:: Task inputs
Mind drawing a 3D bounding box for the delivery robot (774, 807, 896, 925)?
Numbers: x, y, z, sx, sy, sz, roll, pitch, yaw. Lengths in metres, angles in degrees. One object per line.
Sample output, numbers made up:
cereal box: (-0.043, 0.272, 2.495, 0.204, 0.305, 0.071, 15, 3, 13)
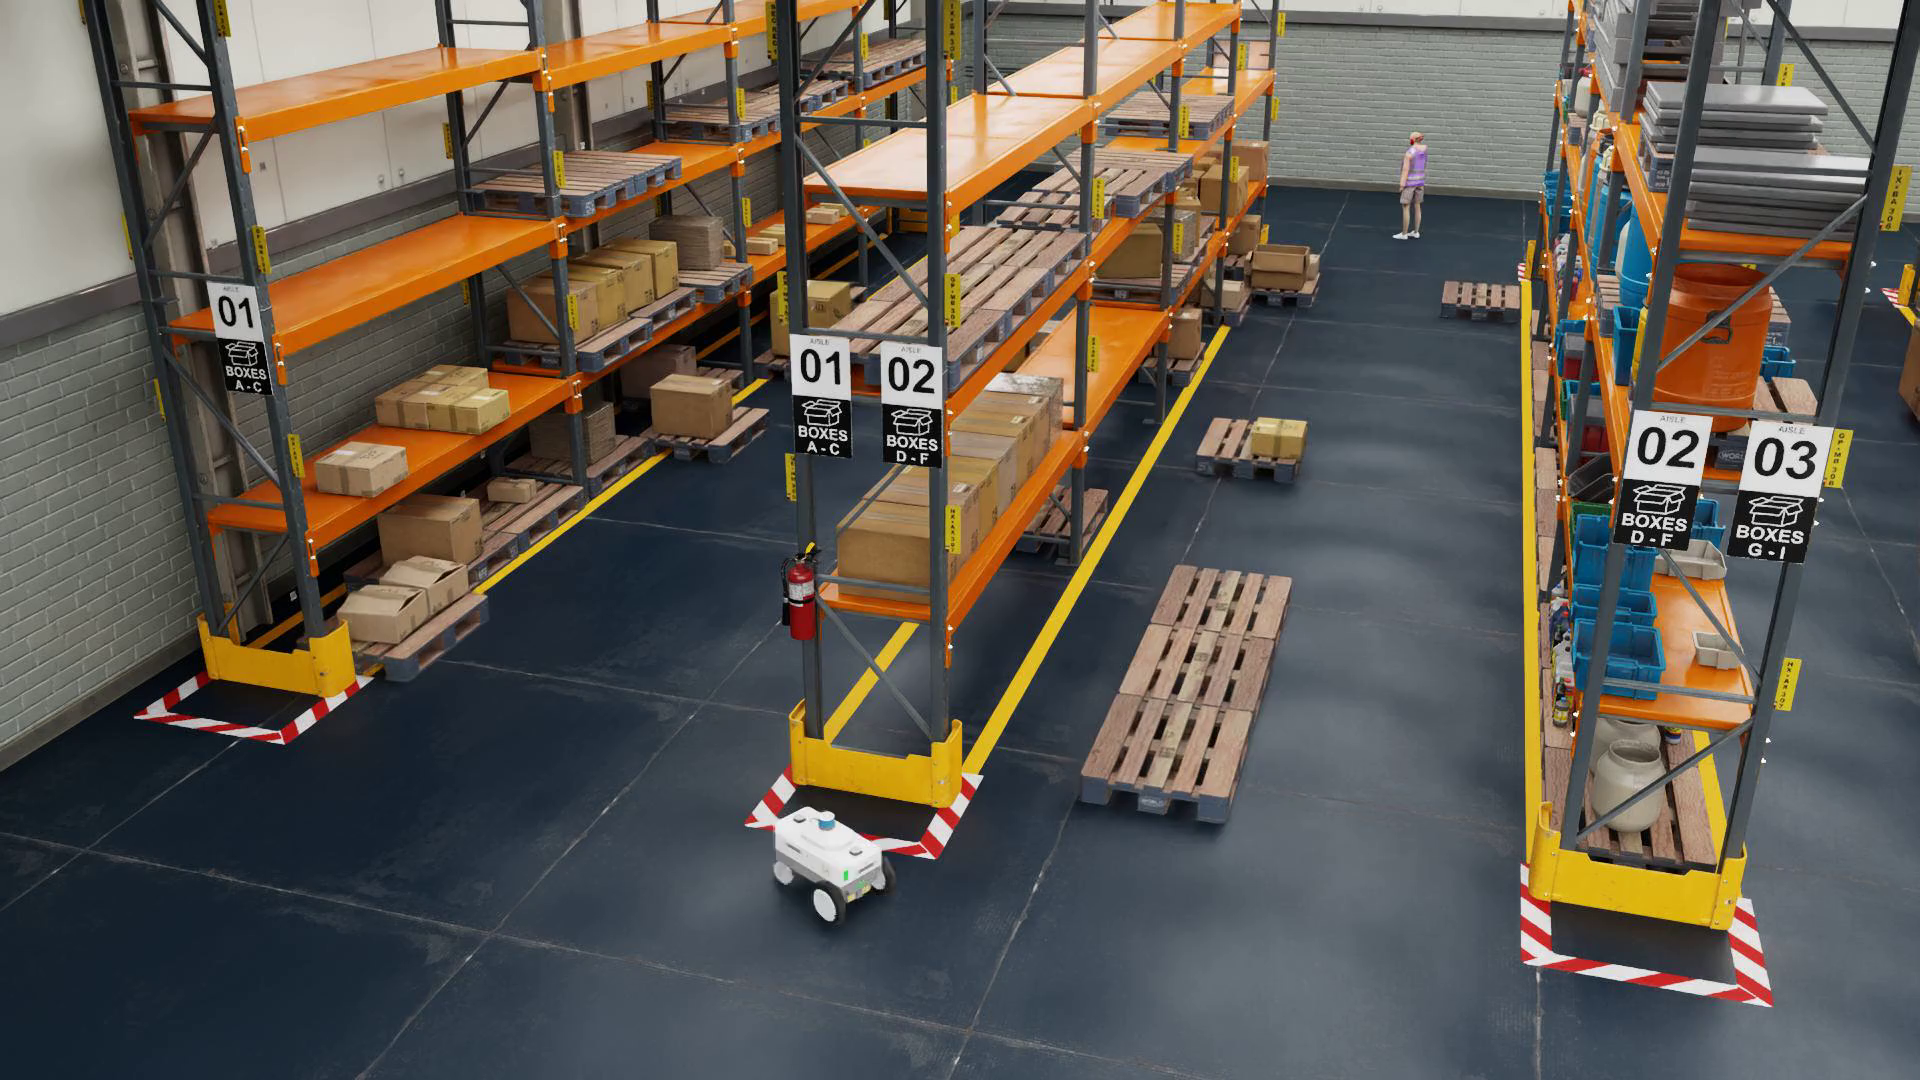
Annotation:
delivery robot: (-0.818, 1.953, 10.271, 0.765, 0.586, 0.499, 21, 31, 40)

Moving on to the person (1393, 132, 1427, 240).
person: (7.182, -5.619, 26.414, 0.483, 1.688, 0.352, -14, 27, -29)
::::
▶ [Exercise brief]: Should a record include a picture, drop the picture and write out the remainder exactly.

▶ [Result of this task]:
Mind drawing a 3D bounding box for the delivery robot (774, 807, 896, 925)?
Numbers: x, y, z, sx, sy, sz, roll, pitch, yaw. Lengths in metres, angles in degrees. One object per line.
Sample output, numbers made up:
cereal box: (-0.043, 0.272, 2.495, 0.204, 0.305, 0.071, 15, 3, 13)
Annotation:
delivery robot: (-0.818, 1.953, 10.271, 0.765, 0.586, 0.499, 21, 31, 40)

Moving on to the person (1393, 132, 1427, 240).
person: (7.182, -5.619, 26.414, 0.483, 1.688, 0.352, -14, 27, -29)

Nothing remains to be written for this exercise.